*WHAT TO DO:* The result should be a word-for-word retyping of the entries below, free of pictures.

******************************

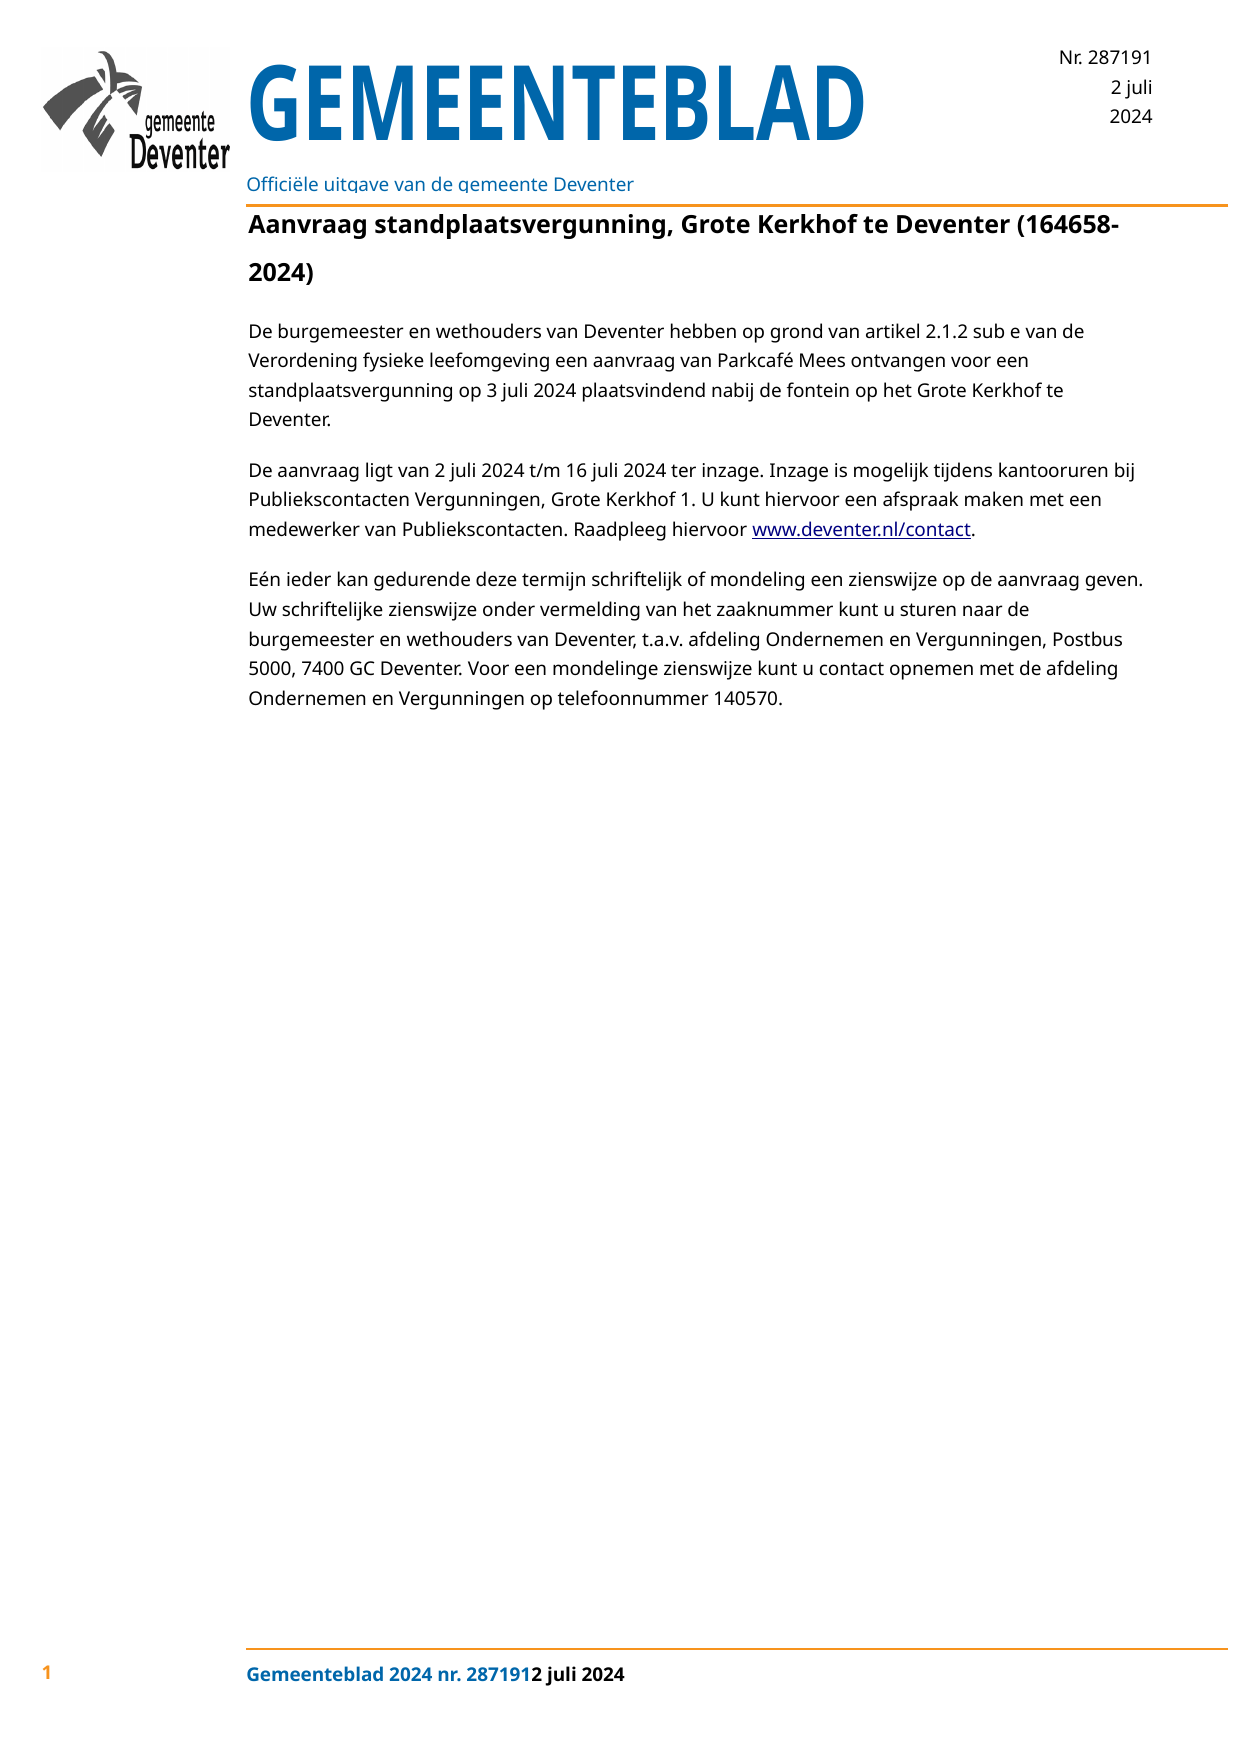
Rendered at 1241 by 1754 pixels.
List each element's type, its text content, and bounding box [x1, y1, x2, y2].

text De aanvraag ligt van 2 juli 2024 t/m 16 juli 2024 ter inzage. Inzage is mogelijk tijdens kantooruren bij Publiekscontacten Vergunningen, Grote Kerkhof 1. U kunt hiervoor een afspraak maken met een medewerker van Publiekscontacten. Raadpleeg hiervoor www.deventer.nl/contact. [248, 457, 1152, 542]
text De burgemeester en wethouders van Deventer hebben op grond van artikel 2.1.2 sub e van de Verordening fysieke leefomgeving een aanvraag van Parkcafé Mees ontvangen voor een standplaatsvergunning op 3 juli 2024 plaatsvindend nabij de fontein op het Grote Kerkhof te Deventer. [248, 318, 1152, 432]
text Eén ieder kan gedurende deze termijn schriftelijk of mondeling een zienswijze op de aanvraag geven. Uw schriftelijke zienswijze onder vermelding van het zaaknummer kunt u sturen naar de burgemeester en wethouders van Deventer, t.a.v. afdeling Ondernemen en Vergunningen, Postbus 5000, 7400 GC Deventer. Voor een mondelinge zienswijze kunt u contact opnemen met de afdeling Ondernemen en Vergunningen op telefoonnummer 140570. [248, 567, 1152, 711]
text Aanvraag standplaatsvergunning, Grote Kerkhof te Deventer (164658-2024) [248, 207, 1152, 288]
picture [41, 47, 231, 172]
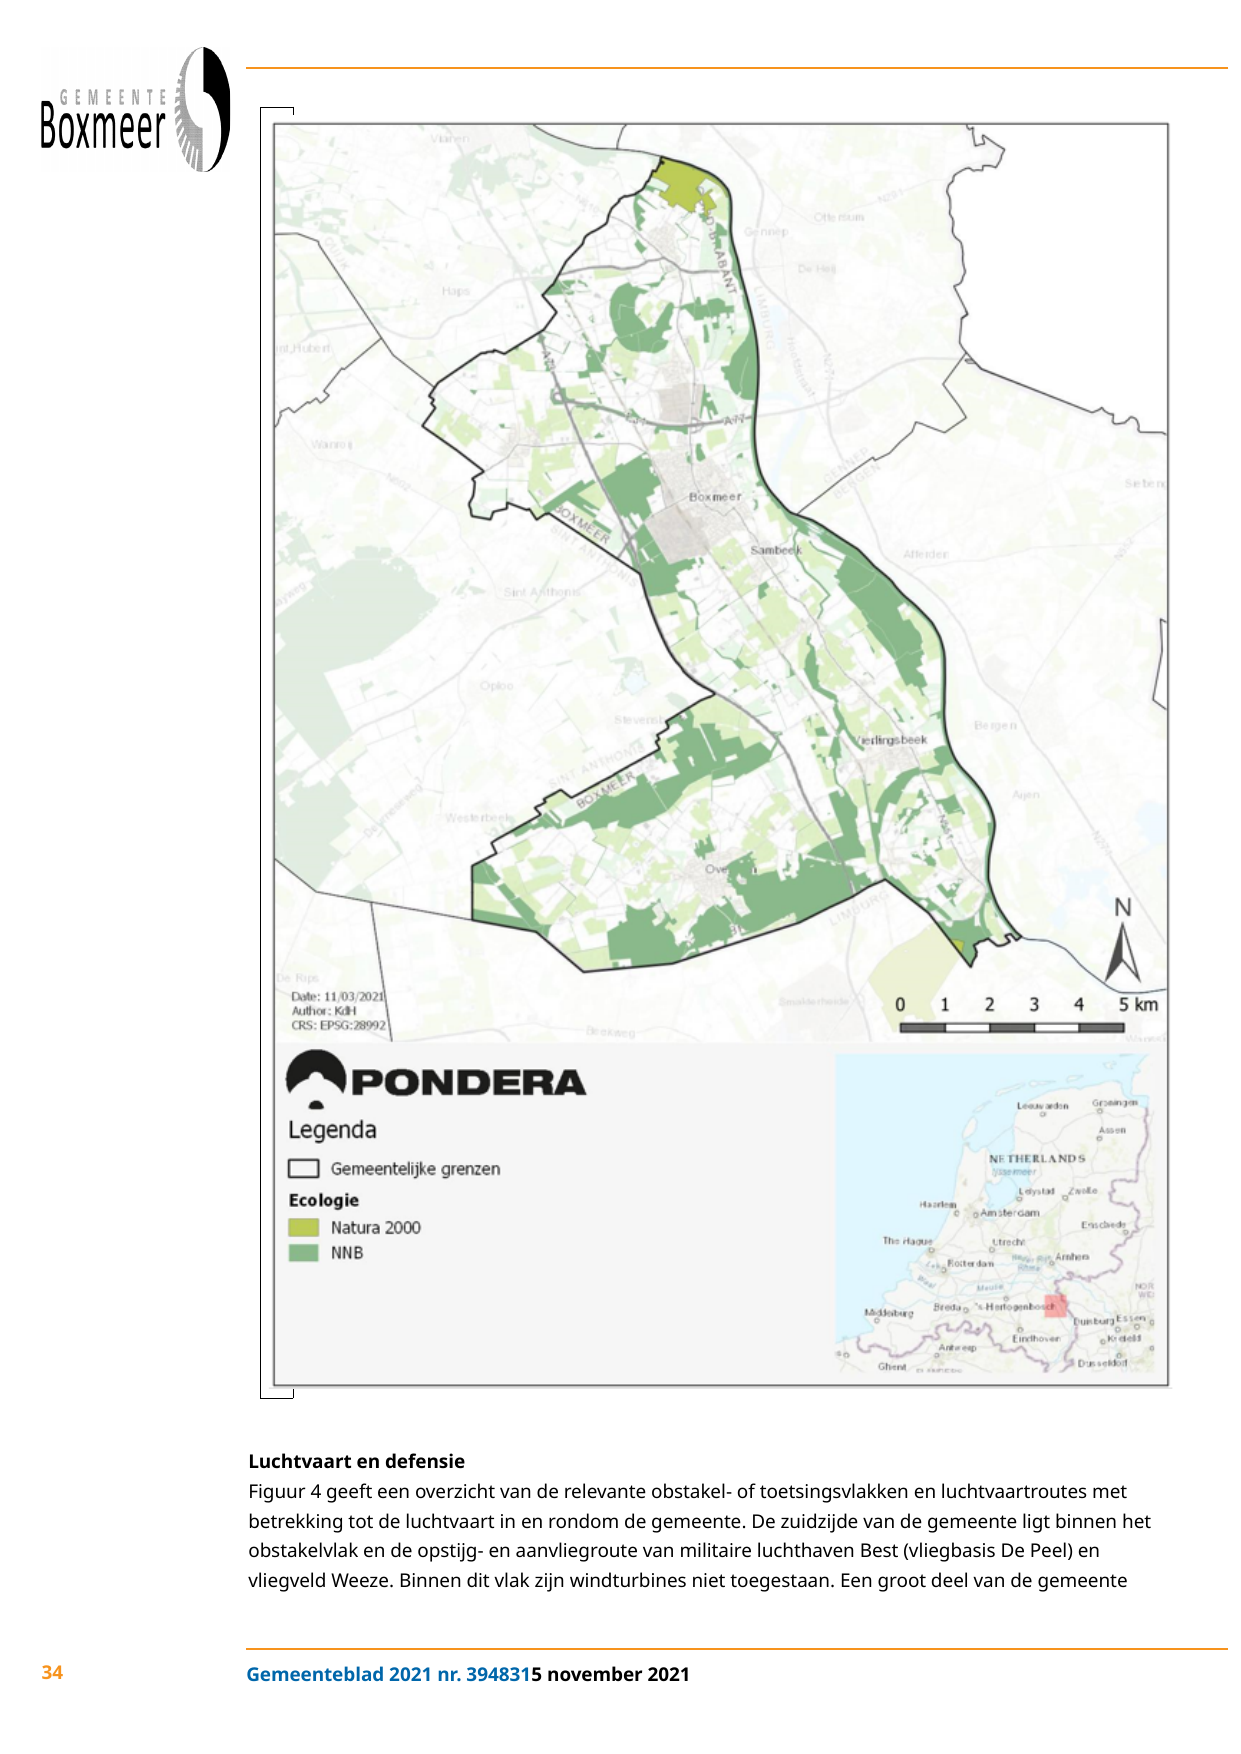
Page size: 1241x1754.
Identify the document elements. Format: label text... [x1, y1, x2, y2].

******************************

*RESPONSE AREA:*
Rendered at 1241 by 1754 pixels.
List each element's type, its text content, and bounding box [x1, y1, x2, y2].

text De aanvraag ligt van 2 juli 2024 t/m 16 juli 2024 ter inzage. Inzage is mogelijk tijdens kantooruren bij Publiekscontacten Vergunningen, Grote Kerkhof 1. U kunt hiervoor een afspraak maken met een medewerker van Publiekscontacten. Raadpleeg hiervoor www.deventer.nl/contact. [248, 457, 1152, 542]
text De burgemeester en wethouders van Deventer hebben op grond van artikel 2.1.2 sub e van de Verordening fysieke leefomgeving een aanvraag van Parkcafé Mees ontvangen voor een standplaatsvergunning op 3 juli 2024 plaatsvindend nabij de fontein op het Grote Kerkhof te Deventer. [248, 318, 1152, 432]
text Eén ieder kan gedurende deze termijn schriftelijk of mondeling een zienswijze op de aanvraag geven. Uw schriftelijke zienswijze onder vermelding van het zaaknummer kunt u sturen naar de burgemeester en wethouders van Deventer, t.a.v. afdeling Ondernemen en Vergunningen, Postbus 5000, 7400 GC Deventer. Voor een mondelinge zienswijze kunt u contact opnemen met de afdeling Ondernemen en Vergunningen op telefoonnummer 140570. [248, 567, 1152, 711]
text Aanvraag standplaatsvergunning, Grote Kerkhof te Deventer (164658-2024) [248, 207, 1152, 288]
picture [41, 47, 231, 172]
Page size: 1241x1754.
Identify the document elements. Format: label text... [x1, y1, x2, y2].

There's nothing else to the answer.